Global X announced the latest expansion to its rapidly-growing product lineup, rolling out a fund designed to deliver exposure to the global automotive industry. The Global X Auto ETF (VROM) will seek to replicate a benchmark of companies that are engaged in the production of automobiles, automobile parts, tires and related activities, including 50 of the largest and most actively traded companies worldwide that are principally engaged (derive greater than 50% of revenues from sources listed above) in the automobile industry. The underlying S-Network Global Automotive Index makes its largest country allocations to traditional auto powerhouses: Germany, Japan and the U.S. all account for about 23% of the underlying portfolio, while Toyota (TM), Daimler (OTCPK:DDAIF) and Ford (F) are among the largest individual components.
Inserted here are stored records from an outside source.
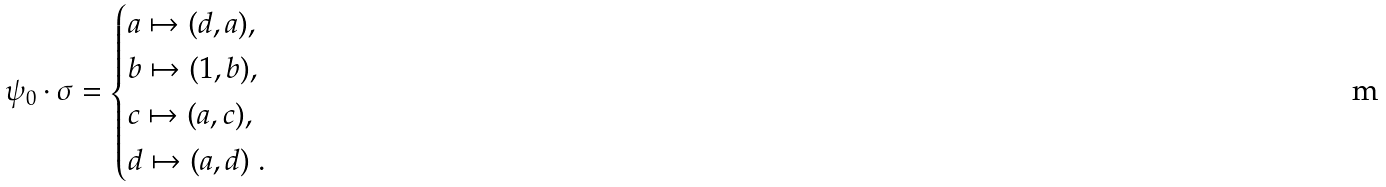Convert formula to latex. <formula><loc_0><loc_0><loc_500><loc_500>\psi _ { 0 } \cdot \sigma = \begin{cases} a \mapsto ( d , a ) , \\ b \mapsto ( 1 , b ) , \\ c \mapsto ( a , c ) , \\ d \mapsto ( a , d ) \ . \end{cases}</formula> 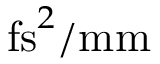Convert formula to latex. <formula><loc_0><loc_0><loc_500><loc_500>f s ^ { 2 } / m m</formula> 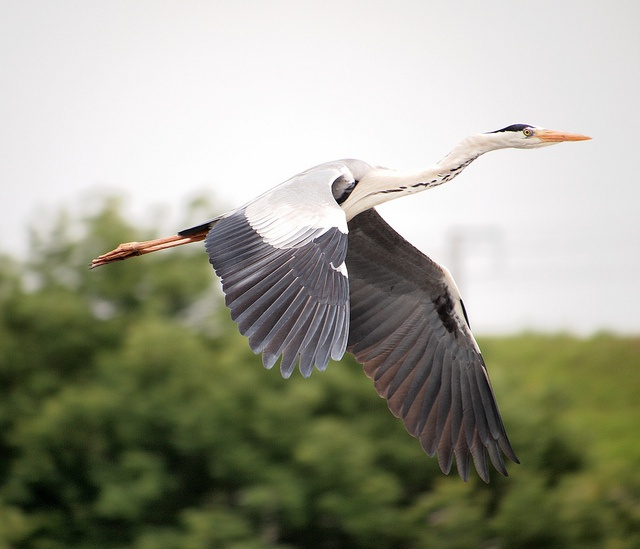Describe the objects in this image and their specific colors. I can see a bird in lightgray, gray, and black tones in this image. 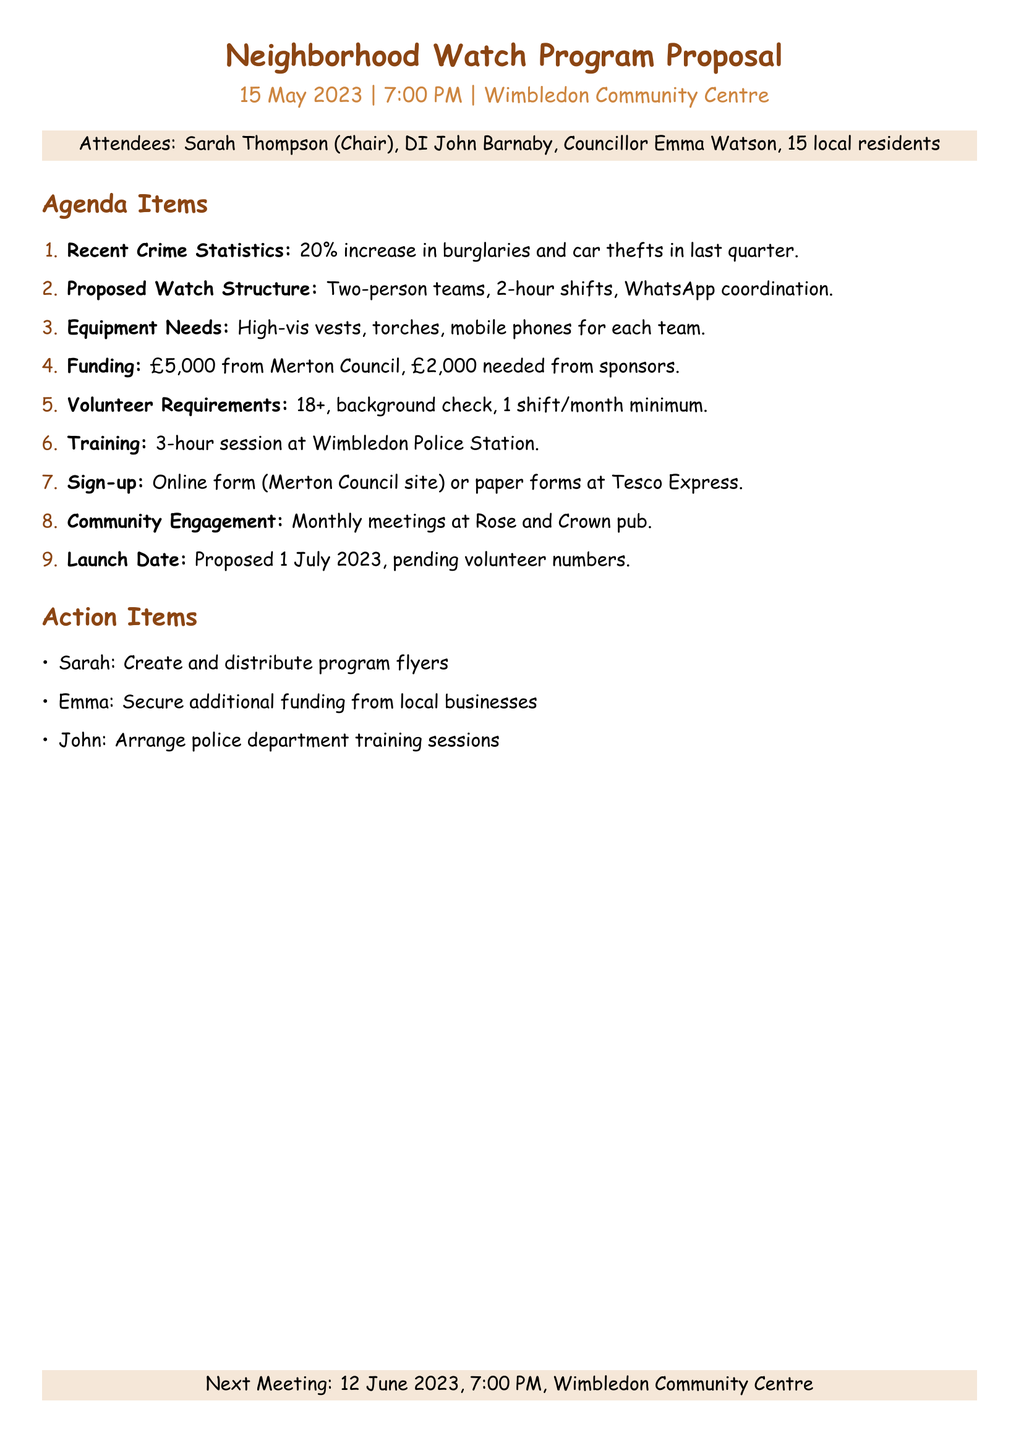What is the date of the meeting? The date of the meeting is explicitly stated in the document.
Answer: 15 May 2023 Who reported the recent crime statistics? The document mentions that Detective Inspector John Barnaby presented the crime statistics.
Answer: DI John Barnaby What percentage increase in burglaries was reported? The document specifies a 20% increase in burglaries and car thefts.
Answer: 20% What is the proposed start date of the neighborhood watch program? The document clearly states the proposed launch date of the program.
Answer: 1 July 2023 What is the minimum age requirement for volunteers? The document outlines the age requirement for volunteers in the volunteer requirements section.
Answer: 18+ How long will the training session last? The training program duration is mentioned in the agenda items.
Answer: 3-hour What equipment is needed for the watch teams? The document lists the equipment needs specifically for the teams.
Answer: High-visibility vests, torches, and mobile phones Where can volunteers sign up? The sign-up process is specified, listing the locations for signing up.
Answer: Merton Council website or Tesco Express

In addition to heavy weightings in some of the world’s largest producers of automobiles, the fund will also offer exposure to smaller companies that develop automotive parts, potentially giving investors a more thorough cross-section of the car industry and diversifying exposure away from mega caps. One example of this broader automotive focus is Johnson Controls (JCI), which provides car batteries, interiors and electronics to a variety of manufacturers in the car industry, and makes up roughly 4% of VROM’s total assets. The company, like many others that provide parts and supplies to car manufacturers, are often highly correlated to major car companies like Ford, making it a play on the sector at large as well.
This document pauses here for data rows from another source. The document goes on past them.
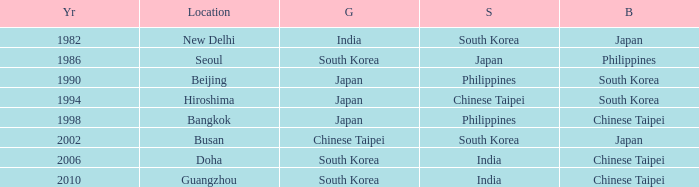Which Year is the highest one that has a Bronze of south korea, and a Silver of philippines? 1990.0. 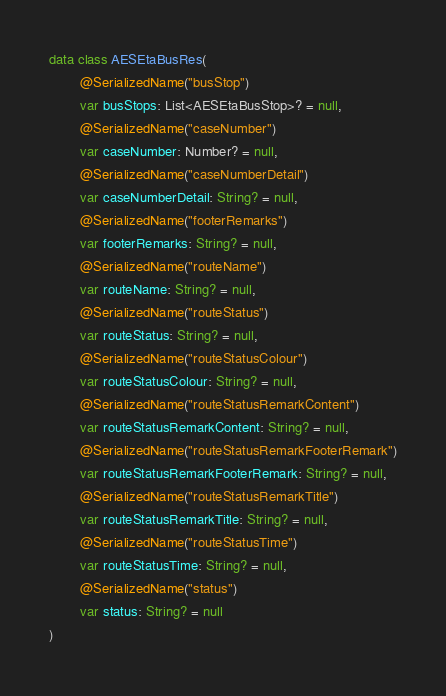Convert code to text. <code><loc_0><loc_0><loc_500><loc_500><_Kotlin_>data class AESEtaBusRes(
        @SerializedName("busStop")
        var busStops: List<AESEtaBusStop>? = null,
        @SerializedName("caseNumber")
        var caseNumber: Number? = null,
        @SerializedName("caseNumberDetail")
        var caseNumberDetail: String? = null,
        @SerializedName("footerRemarks")
        var footerRemarks: String? = null,
        @SerializedName("routeName")
        var routeName: String? = null,
        @SerializedName("routeStatus")
        var routeStatus: String? = null,
        @SerializedName("routeStatusColour")
        var routeStatusColour: String? = null,
        @SerializedName("routeStatusRemarkContent")
        var routeStatusRemarkContent: String? = null,
        @SerializedName("routeStatusRemarkFooterRemark")
        var routeStatusRemarkFooterRemark: String? = null,
        @SerializedName("routeStatusRemarkTitle")
        var routeStatusRemarkTitle: String? = null,
        @SerializedName("routeStatusTime")
        var routeStatusTime: String? = null,
        @SerializedName("status")
        var status: String? = null
)</code> 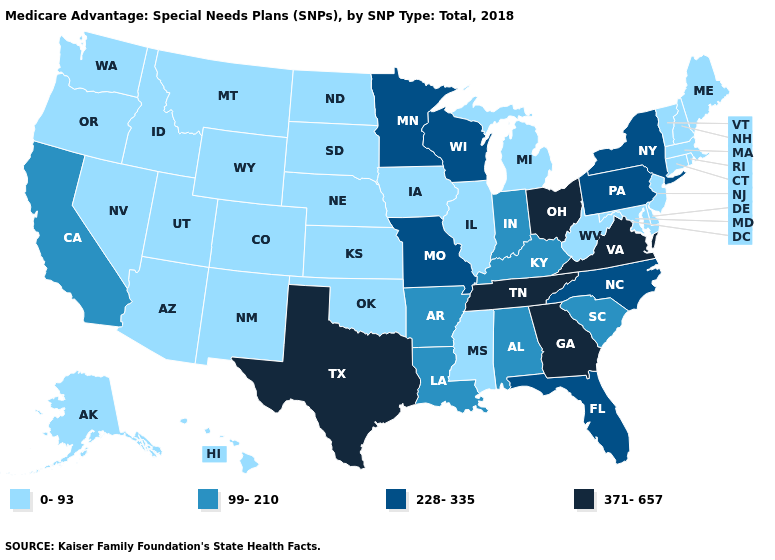Name the states that have a value in the range 0-93?
Keep it brief. Alaska, Arizona, Colorado, Connecticut, Delaware, Hawaii, Iowa, Idaho, Illinois, Kansas, Massachusetts, Maryland, Maine, Michigan, Mississippi, Montana, North Dakota, Nebraska, New Hampshire, New Jersey, New Mexico, Nevada, Oklahoma, Oregon, Rhode Island, South Dakota, Utah, Vermont, Washington, West Virginia, Wyoming. Which states have the lowest value in the Northeast?
Keep it brief. Connecticut, Massachusetts, Maine, New Hampshire, New Jersey, Rhode Island, Vermont. Name the states that have a value in the range 99-210?
Short answer required. Alabama, Arkansas, California, Indiana, Kentucky, Louisiana, South Carolina. Is the legend a continuous bar?
Quick response, please. No. Does New Mexico have the same value as North Dakota?
Short answer required. Yes. Does Illinois have a lower value than Nevada?
Keep it brief. No. What is the highest value in states that border Ohio?
Be succinct. 228-335. Name the states that have a value in the range 228-335?
Quick response, please. Florida, Minnesota, Missouri, North Carolina, New York, Pennsylvania, Wisconsin. What is the highest value in states that border Alabama?
Answer briefly. 371-657. What is the value of Tennessee?
Concise answer only. 371-657. Does Virginia have a higher value than Texas?
Answer briefly. No. What is the lowest value in the MidWest?
Quick response, please. 0-93. Does the map have missing data?
Keep it brief. No. Does South Carolina have a lower value than Louisiana?
Write a very short answer. No. What is the lowest value in states that border Georgia?
Give a very brief answer. 99-210.

Auto Industry Under the Microscope
While the U.S. automotive industry is on the rebound, the real appeal of an investment in the car business lies in the overseas markets. Driven by new-found wealth and ongoing urbanization, emerging markets such as China and India have become the most important regions for global auto companies seeking to boost growth in these up-and-coming locales. In 2009, China surpassed the U.S. to become the biggest automotive market by number of vehicles sold, and in 2010 emerging markets accounted for more than half of global light-vehicle sales for the first time ever. Car sales in China are expected to grow by 11% this year, while units sold in India are projected to jump by 17% in 2011, giving companies in the sector a chance to grow despite lackluster performances in many of the world’s key developed markets.
Despite the tremendous growth in recent years, the potential in emerging markets remains enormous. In China, approximately 57 out of every 1,000 people own a car. In Australia, that figure is 717, and in the U.S. the ownership rate is close to 80%. Many emerging markets, including India, maintain car ownership rates that are considerably lower than China’s - but are growing at an impressive pace nonetheless.
VROM could also have appeal as a trading vehicle on certain days. Automotive stocks often seek significant spikes in volume and volatility when major manufacturers report their monthly sales totals. Earnings reports from members of the “big three” or more global auto producers can also put the sector in the spotlight, potentially creating short-term opportunities in both directions.
VROM vs. CARZ: Head-to-Head
This new fund will compete most closely with the recently-launched Nasdaq Global Auto Index Fund (CARZ) from First Trust. This fund adopts a similar strategy when it comes to investing in the car industry as it gives the biggest weightings to companies in Japan, Germany and the U.S. However, beyond this initial glance there are some striking differences between CARZ and VROM. First is the total number of holdings and the general focus on the industry. CARZ invests in just 32 securities compared to 50 for VROM, a fact that is likely a reflection of Global X’s wide net approach and the focus of CARZ on just the major manufacturers of automobiles.
Another large difference between the two is the weighting afforded to General Motors (GM). In CARZ, GM receives the second highest weighting at just over 7.6% while the automotive giant gets under 3% from Global X and barely sneaks into the top 10 for the fund’s holdings as a result. In terms of country exposure, similar issues arise as Japan makes up nearly 32% of CARZ while German and U.S. holdings are 20.2% and 17.7%, respectively. This is in sharp contrast to VROM which affords each of these three auto producing countries a roughly equal weight of about 23% each. Emerging market exposure is also different between the two as CARZ puts roughly 6% in emerging countries - with the lion’s share of that going to Chinese firms - while VROM has close to 10% of its assets in emerging markets, with companies from China, India, and Indonesia all being represented.
VROM is also cheaper than the First Trust product, charging 0.65% compared to 0.70% for CARZ.
Despite these differences, both products remain viable choices for investors seeking more granulated exposure to the automotive industry. Thanks to the new fund from Global X, investors can now choose if they want to get broad exposure to companies that are engaged in some aspect of the automotive process or if they would rather invest in just the major production firms that are responsible for providing the finished products to the masses.
Disclosure: No positions at time of writing.